((

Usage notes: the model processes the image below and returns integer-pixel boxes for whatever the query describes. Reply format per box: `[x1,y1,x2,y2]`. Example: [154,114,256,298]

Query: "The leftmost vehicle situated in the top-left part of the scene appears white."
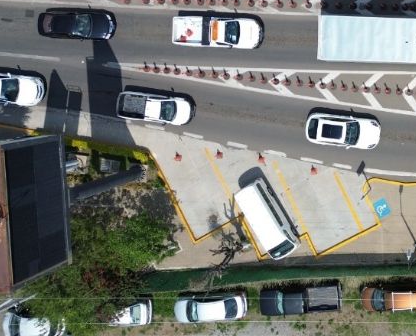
[0,70,48,108]
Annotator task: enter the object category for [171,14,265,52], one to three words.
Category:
truck
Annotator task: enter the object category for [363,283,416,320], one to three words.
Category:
car
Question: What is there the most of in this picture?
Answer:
paved ground
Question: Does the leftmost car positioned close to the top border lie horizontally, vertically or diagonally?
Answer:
horizontally

))

Determine the number of lines in the data that contain "three" as a word or string, and state only that number.

2